EXTRACTED INFORMATION Start Marker
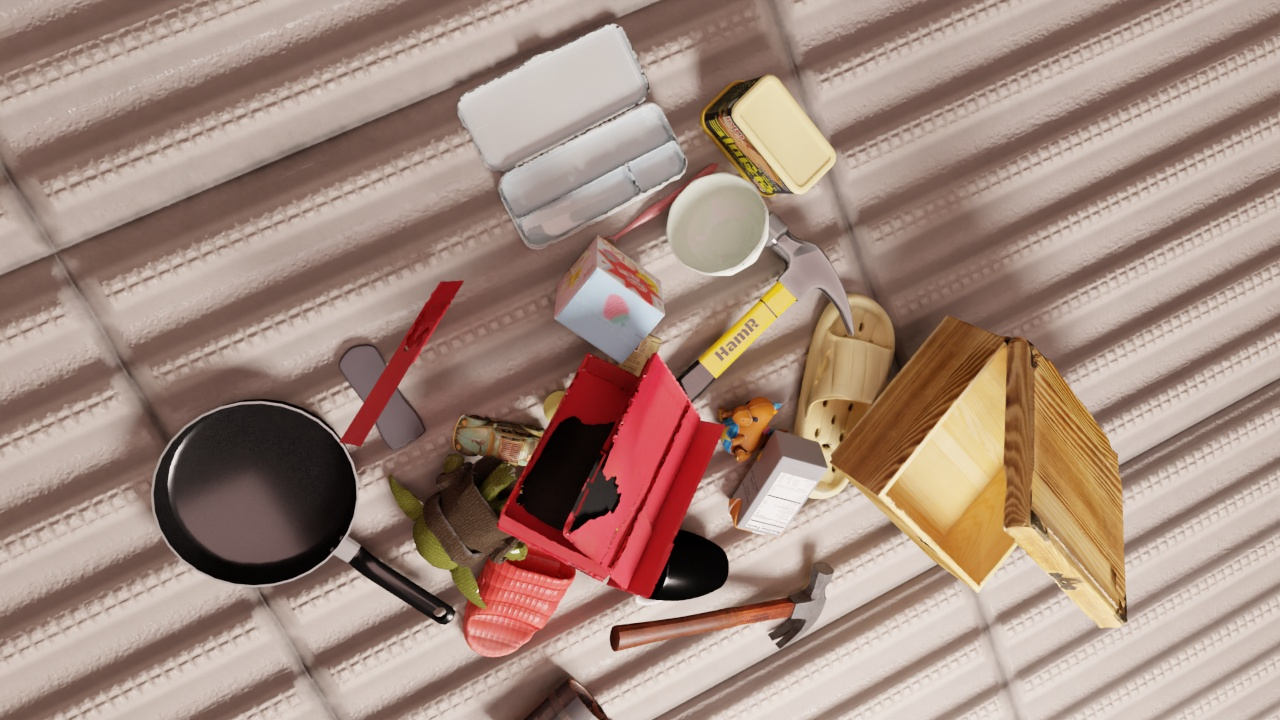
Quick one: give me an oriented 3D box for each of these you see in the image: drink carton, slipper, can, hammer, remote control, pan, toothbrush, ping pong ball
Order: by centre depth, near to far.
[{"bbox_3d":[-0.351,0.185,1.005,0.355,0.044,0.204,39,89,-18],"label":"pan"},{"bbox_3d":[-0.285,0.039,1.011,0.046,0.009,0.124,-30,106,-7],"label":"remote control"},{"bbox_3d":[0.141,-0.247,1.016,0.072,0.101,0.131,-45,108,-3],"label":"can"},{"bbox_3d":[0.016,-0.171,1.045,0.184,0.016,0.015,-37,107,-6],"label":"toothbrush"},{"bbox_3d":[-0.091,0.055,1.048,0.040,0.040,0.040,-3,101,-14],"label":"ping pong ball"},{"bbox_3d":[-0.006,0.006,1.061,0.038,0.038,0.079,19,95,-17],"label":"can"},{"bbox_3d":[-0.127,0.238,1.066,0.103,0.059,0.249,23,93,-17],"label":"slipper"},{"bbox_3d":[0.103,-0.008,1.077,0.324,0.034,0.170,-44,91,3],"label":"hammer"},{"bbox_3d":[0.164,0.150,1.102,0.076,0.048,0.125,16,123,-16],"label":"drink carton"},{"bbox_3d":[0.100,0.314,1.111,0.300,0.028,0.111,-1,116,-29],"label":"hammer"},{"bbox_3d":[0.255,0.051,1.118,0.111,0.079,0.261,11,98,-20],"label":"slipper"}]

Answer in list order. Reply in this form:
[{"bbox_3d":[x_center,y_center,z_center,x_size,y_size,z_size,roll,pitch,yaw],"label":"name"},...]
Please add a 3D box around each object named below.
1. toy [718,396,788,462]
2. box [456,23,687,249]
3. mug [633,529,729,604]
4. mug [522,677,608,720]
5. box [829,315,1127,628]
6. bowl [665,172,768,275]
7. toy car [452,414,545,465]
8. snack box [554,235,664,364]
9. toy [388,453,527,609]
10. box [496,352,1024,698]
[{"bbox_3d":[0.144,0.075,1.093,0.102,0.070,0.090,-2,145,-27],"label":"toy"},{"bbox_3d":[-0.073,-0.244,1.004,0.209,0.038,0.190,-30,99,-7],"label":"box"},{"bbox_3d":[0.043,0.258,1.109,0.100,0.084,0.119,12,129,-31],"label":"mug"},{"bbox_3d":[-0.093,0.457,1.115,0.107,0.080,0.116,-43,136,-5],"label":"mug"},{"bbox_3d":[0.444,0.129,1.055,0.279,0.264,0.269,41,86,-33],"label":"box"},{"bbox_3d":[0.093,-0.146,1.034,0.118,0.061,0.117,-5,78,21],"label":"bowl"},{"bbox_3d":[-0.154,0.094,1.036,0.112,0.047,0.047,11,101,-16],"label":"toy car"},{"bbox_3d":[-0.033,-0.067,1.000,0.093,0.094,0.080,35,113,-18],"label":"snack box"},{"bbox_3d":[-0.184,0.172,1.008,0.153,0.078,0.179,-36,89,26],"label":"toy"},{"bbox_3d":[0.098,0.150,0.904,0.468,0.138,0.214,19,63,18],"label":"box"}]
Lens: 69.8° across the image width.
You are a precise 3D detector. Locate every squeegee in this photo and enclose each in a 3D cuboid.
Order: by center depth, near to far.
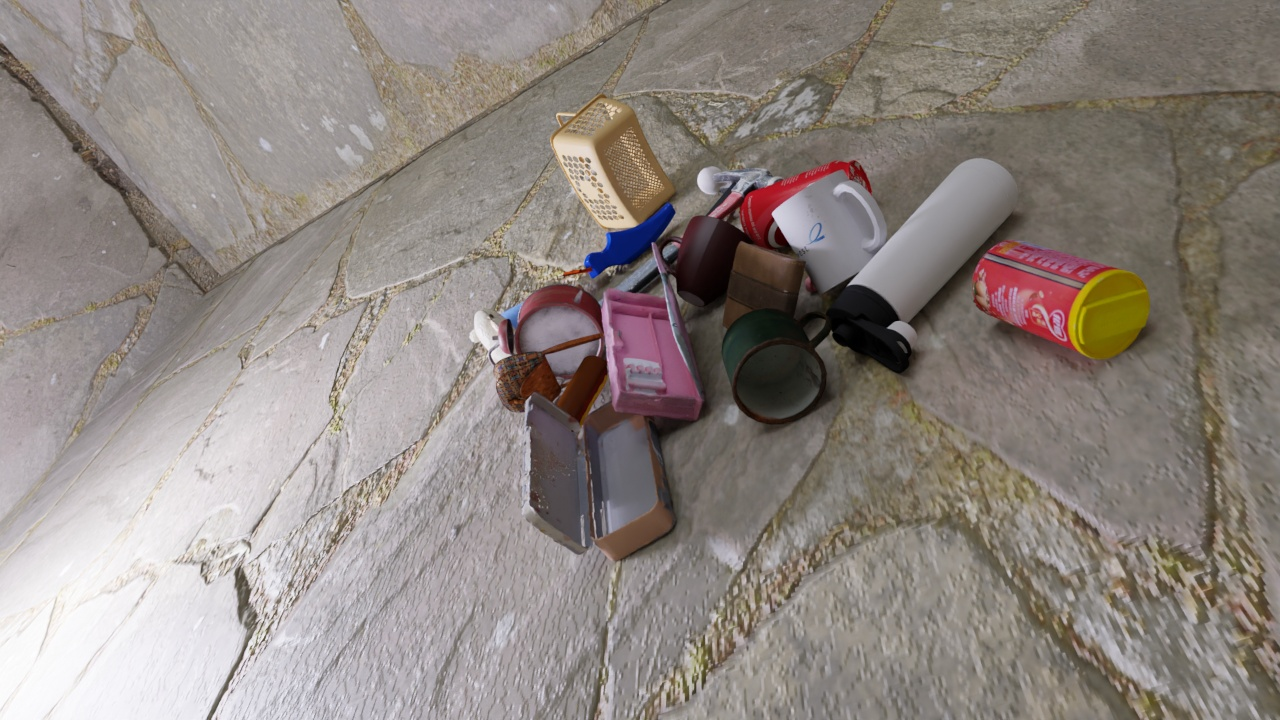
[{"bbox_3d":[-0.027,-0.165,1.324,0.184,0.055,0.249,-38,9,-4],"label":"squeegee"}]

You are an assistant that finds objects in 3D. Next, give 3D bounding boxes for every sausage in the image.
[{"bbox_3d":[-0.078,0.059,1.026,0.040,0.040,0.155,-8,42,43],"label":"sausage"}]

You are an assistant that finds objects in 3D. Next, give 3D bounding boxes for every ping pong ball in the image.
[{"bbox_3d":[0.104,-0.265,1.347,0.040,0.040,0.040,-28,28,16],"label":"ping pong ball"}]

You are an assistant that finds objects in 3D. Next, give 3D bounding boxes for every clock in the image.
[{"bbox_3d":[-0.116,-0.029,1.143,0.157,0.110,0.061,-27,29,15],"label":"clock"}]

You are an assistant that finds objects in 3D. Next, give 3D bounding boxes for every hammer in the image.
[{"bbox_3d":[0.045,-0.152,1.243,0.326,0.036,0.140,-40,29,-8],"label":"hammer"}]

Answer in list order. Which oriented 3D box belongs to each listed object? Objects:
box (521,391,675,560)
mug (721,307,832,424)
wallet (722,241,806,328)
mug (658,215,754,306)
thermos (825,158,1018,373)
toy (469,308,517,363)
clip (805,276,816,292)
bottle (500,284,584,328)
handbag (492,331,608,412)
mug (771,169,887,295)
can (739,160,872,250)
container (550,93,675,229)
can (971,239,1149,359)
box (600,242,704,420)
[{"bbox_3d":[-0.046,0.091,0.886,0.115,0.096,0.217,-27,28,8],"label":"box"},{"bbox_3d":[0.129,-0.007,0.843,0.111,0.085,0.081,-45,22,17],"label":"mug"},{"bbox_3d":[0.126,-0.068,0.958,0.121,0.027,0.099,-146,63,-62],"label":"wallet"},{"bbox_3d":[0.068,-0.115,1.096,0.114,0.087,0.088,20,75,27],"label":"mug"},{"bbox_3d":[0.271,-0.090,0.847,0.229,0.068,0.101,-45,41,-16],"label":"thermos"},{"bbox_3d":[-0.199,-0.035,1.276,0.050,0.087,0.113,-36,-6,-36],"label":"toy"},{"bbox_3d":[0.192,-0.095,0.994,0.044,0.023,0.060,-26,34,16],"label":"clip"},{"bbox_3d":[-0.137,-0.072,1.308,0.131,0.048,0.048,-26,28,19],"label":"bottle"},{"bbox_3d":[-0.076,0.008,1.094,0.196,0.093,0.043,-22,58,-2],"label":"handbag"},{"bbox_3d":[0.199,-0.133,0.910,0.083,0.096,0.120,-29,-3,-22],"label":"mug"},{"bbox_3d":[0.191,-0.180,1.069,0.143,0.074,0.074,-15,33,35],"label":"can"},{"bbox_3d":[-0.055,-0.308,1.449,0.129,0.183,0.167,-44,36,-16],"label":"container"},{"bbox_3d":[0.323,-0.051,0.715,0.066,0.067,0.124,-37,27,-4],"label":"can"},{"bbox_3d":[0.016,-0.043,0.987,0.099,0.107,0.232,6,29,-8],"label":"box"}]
EXTRACTED INFORMATION End Marker
EXTRACTED INFORMATION Start Marker
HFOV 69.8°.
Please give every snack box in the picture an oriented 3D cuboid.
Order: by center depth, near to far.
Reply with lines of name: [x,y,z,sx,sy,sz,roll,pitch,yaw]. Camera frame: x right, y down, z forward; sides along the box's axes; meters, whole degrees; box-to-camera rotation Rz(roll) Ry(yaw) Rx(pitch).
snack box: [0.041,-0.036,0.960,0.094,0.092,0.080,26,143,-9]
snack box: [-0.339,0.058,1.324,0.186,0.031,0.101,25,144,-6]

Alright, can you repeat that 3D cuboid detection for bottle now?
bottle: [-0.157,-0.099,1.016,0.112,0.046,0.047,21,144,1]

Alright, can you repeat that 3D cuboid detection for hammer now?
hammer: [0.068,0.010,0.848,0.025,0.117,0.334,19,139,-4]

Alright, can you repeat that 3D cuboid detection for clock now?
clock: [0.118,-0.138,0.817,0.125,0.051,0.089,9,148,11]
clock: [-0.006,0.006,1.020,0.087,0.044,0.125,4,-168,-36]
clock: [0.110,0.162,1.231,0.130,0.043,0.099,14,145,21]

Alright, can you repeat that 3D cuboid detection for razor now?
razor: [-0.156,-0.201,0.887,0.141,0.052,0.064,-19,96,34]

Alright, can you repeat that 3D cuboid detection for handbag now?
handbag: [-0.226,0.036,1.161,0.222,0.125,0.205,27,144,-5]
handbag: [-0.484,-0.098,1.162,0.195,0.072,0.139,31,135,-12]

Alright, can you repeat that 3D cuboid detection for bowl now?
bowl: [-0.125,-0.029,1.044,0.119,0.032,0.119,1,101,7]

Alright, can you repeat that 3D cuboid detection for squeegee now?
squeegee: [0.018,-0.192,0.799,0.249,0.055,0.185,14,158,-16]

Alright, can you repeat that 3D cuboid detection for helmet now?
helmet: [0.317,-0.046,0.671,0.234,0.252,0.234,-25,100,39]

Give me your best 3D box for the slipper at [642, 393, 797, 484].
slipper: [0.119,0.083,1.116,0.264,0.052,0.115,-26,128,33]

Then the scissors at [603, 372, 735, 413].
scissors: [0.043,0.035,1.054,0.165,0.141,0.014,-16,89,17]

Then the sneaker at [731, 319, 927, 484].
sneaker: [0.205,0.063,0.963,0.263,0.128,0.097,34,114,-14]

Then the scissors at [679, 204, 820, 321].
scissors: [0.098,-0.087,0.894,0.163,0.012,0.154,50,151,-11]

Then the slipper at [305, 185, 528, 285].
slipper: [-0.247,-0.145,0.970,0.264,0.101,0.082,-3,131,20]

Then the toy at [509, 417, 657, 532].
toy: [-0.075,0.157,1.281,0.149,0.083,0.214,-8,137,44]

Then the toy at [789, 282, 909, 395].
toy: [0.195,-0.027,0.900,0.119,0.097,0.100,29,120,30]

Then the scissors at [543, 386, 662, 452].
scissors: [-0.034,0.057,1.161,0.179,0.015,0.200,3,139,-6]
EXTRACTED INFORMATION End Marker
(TASK ITEM): Look through the entries and return each line that has the word "Answer" in it.

(RESPONSE TO THE EXERCISE):
Answer in list order. Reply in this form:
Answer in list order. Which oriented 3D box belongs to each listed object? Objects:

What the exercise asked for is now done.